Сяхэ слегка присела в поклоне. Цай Тяо оглядел ее зеленую рубашку, расшитую бледно-розовыми вьющимися лозами, и улыбнулся:
— Сестрица Сяхэ, не нужно церемоний. Я просто пришел посмотреть. Продолжайте делать то, что делали.
Услышав, как он назвал себя «я», Сяхэ нахмурилась. Она хотела было сделать ему замечание, но в итоге лишь опустила голову и согласилась, немного отступив в сторону, чтобы он мог лучше рассмотреть ход ремонта.
Сами здания были в хорошем состоянии. Раньше здесь принимали ученых мужей, поэтому использовали только лучшие сорта дерева, и даже краска не облупилась. Ремонт заключался скорее не в починке, а в замене черепицы на крыше, чтобы избежать протечек из-за поврежденных плиток.
Заметив, что мастера на крыше были довольно пожилыми, Цай Тяо удивился и спросил у Сяхэ:
— Сестрица Сяхэ, не слишком ли стары эти мастера? Лазить по крыше довольно опасно.
Сяхэ на мгновение замялась, не зная, как объяснить. Поколебавшись, она тихо сказала:
— Приближается праздник Середины осени, трудно найти людей.
Цай Тяо замер, озадаченный. Госпожа Су решила начать ремонт еще полмесяца назад. Праздник Середины осени наступит только через десять дней. В общей сложности почти месяц. Осенний урожай обычно собирают после праздника. Если кто и занят, так это большие семьи. А для маленьких семейств приближение праздника означает большие расходы, поэтому они, наоборот, стараются подзаработать. Как могло случиться, что не нашлось мастеров?
Он был в недоумении, но, увидев неестественное выражение лица Сяхэ, Цай Тяо вдруг все понял. Он помолчал и слегка кивнул.
— В таком возрасте лазить по крышам… Если бы не нужда в доме, вряд ли бы они пошли на такой риск. Когда они закончат работу, скажи им, сестрица Сяхэ, что если у них дома есть мальчики, желающие учиться в школе, то все расходы будут покрыты. Ежедневно будет предоставляться двухразовое питание. Если они будут жить в школе, то трехразовое. Кроме того, в конце месяца школа будет выплачивать каждому ученику по одному гуаню денег.
— Конечно, это касается детей, которые захотят учиться. А что до платы мастерам… сколько бы матушка им ни заплатила, добавь сверху еще тридцать процентов. Это будет наградой за их дух мастерства (гунцзян цзиншэнь).

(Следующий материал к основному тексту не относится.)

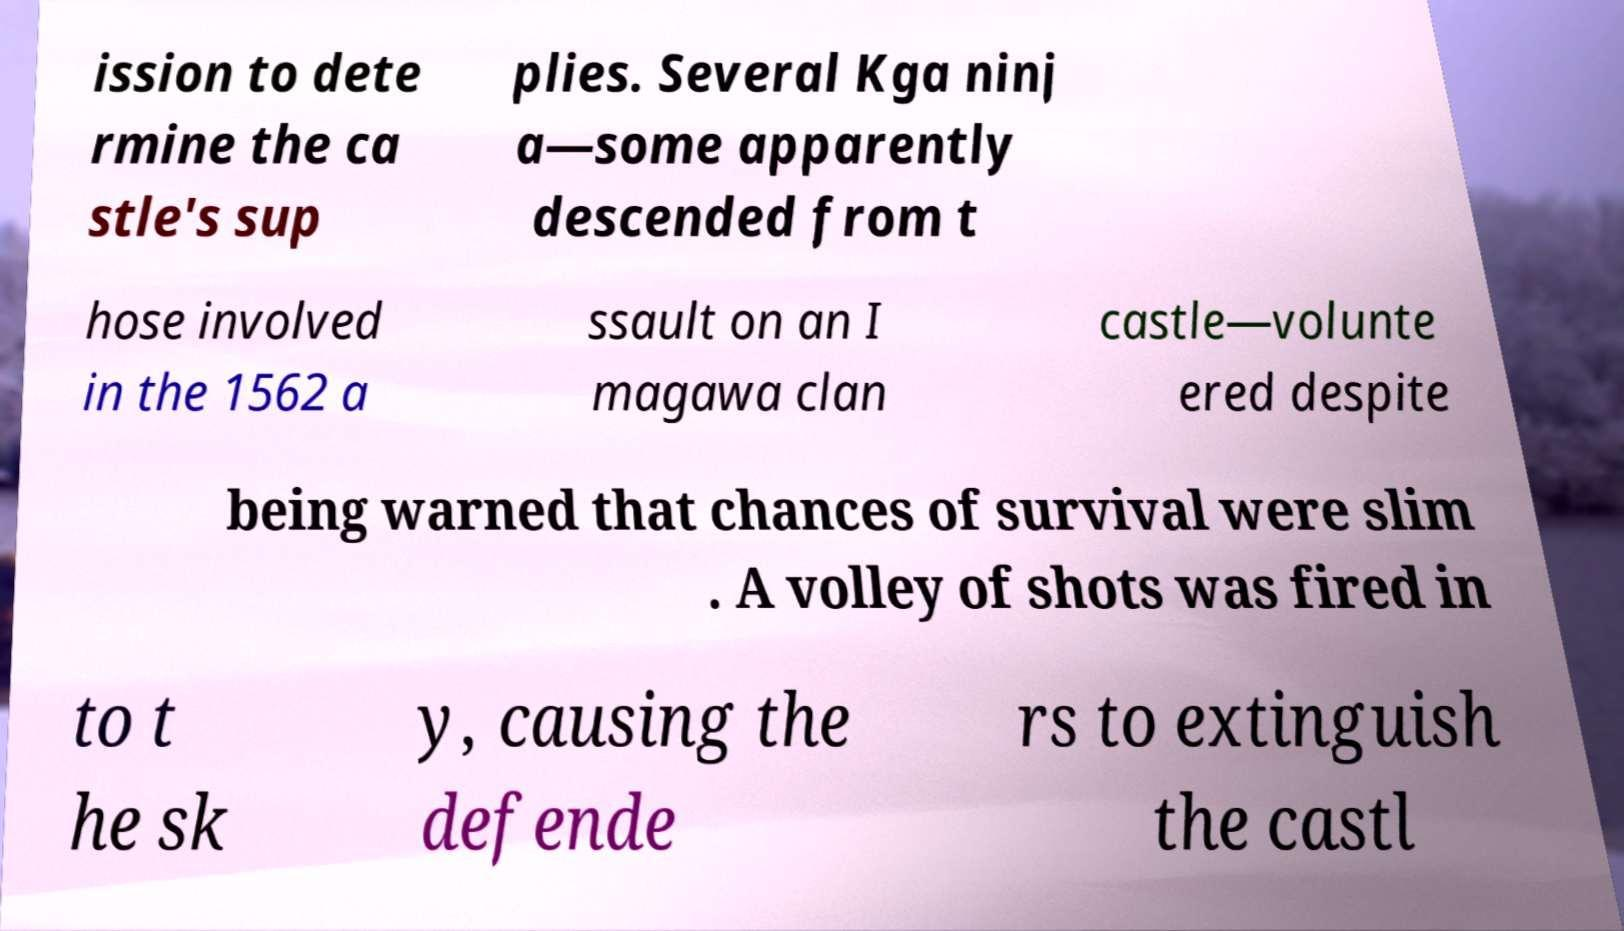For documentation purposes, I need the text within this image transcribed. Could you provide that? ission to dete rmine the ca stle's sup plies. Several Kga ninj a—some apparently descended from t hose involved in the 1562 a ssault on an I magawa clan castle—volunte ered despite being warned that chances of survival were slim . A volley of shots was fired in to t he sk y, causing the defende rs to extinguish the castl

Сяхэ и Люй Тао замерли. Не дожидаясь ответа Сяхэ, Люй Тао нетерпеливо спросила:
— Дух мастерства? Молодой господин, что такое дух мастерства?
Цай Тяо посмотрел на Сяхэ и улыбнулся:
— Милосердие лекаря (ичжэ жэньсинь). Для настоящего врача, спасающего людей, нет хороших или плохих, есть только больные. Он спасает людей, руководствуясь «жэнь» (гуманностью) — в этом и заключается великая любовь врача. С мастерами так же. Мастер стремится к совершенству, к тому, чтобы стать еще лучше, а не к чему-то другому.
Он снова посмотрел на седовласых стариков на крыше и тихо сказал:
— Я уверен, что матушка заплатила им больше, чем другим. Но это не главное. Они стары, их движения не так ловки, как у молодых. Но возраст есть возраст, лазить по крыше очень опасно, и платить им больше — это справедливо.
— Возможно, их семьи в нужде, и им пришлось взяться за эту работу. Возможно, плата действительно превзошла их ожидания. Но я предпочитаю верить, что они меняют черепицу для школы, потому что им это нравится, ради надежды для будущих поколений, чтобы доказать, что они все еще полезны, доказать, что они все еще мастера!
— Только за это я готов доплатить им тридцать процентов!
Цай Тяо с улыбкой повернулся и махнул рукой на прощание. Его душа не была душой ребенка. Неестественное выражение лица Сяхэ, ее слова — все говорило о трудностях госпожи Су и неловком положении Цай Цзина в Ханчжоу. Что посеешь, то и пожнешь. Он не мог помешать Цай Цзину продолжать свои безумства, не мог остановить его неуемную жажду власти. Все, что он мог сделать, — это по возможности подчищать за ним.
Доброе отношение к нескольким старым мастерам мало что значило, но это была позиция. По крайней мере, так считал Цай Тяо.
Не обращая внимания на странное выражение лица Сяхэ позади, он, заложив руки за спину, вышел из школы.
Он вошел в школу и вышел из нее всего через четверть часа.
Люй Тао была доброй и легковерной. Ее радость была простой. Онаприпрыжку следовала за ним, совершенно забыв, что она на три года старше, что она его личная служанка и нянька. Наставления тетушки Чжао о степенности были давно заброшены куда подальше.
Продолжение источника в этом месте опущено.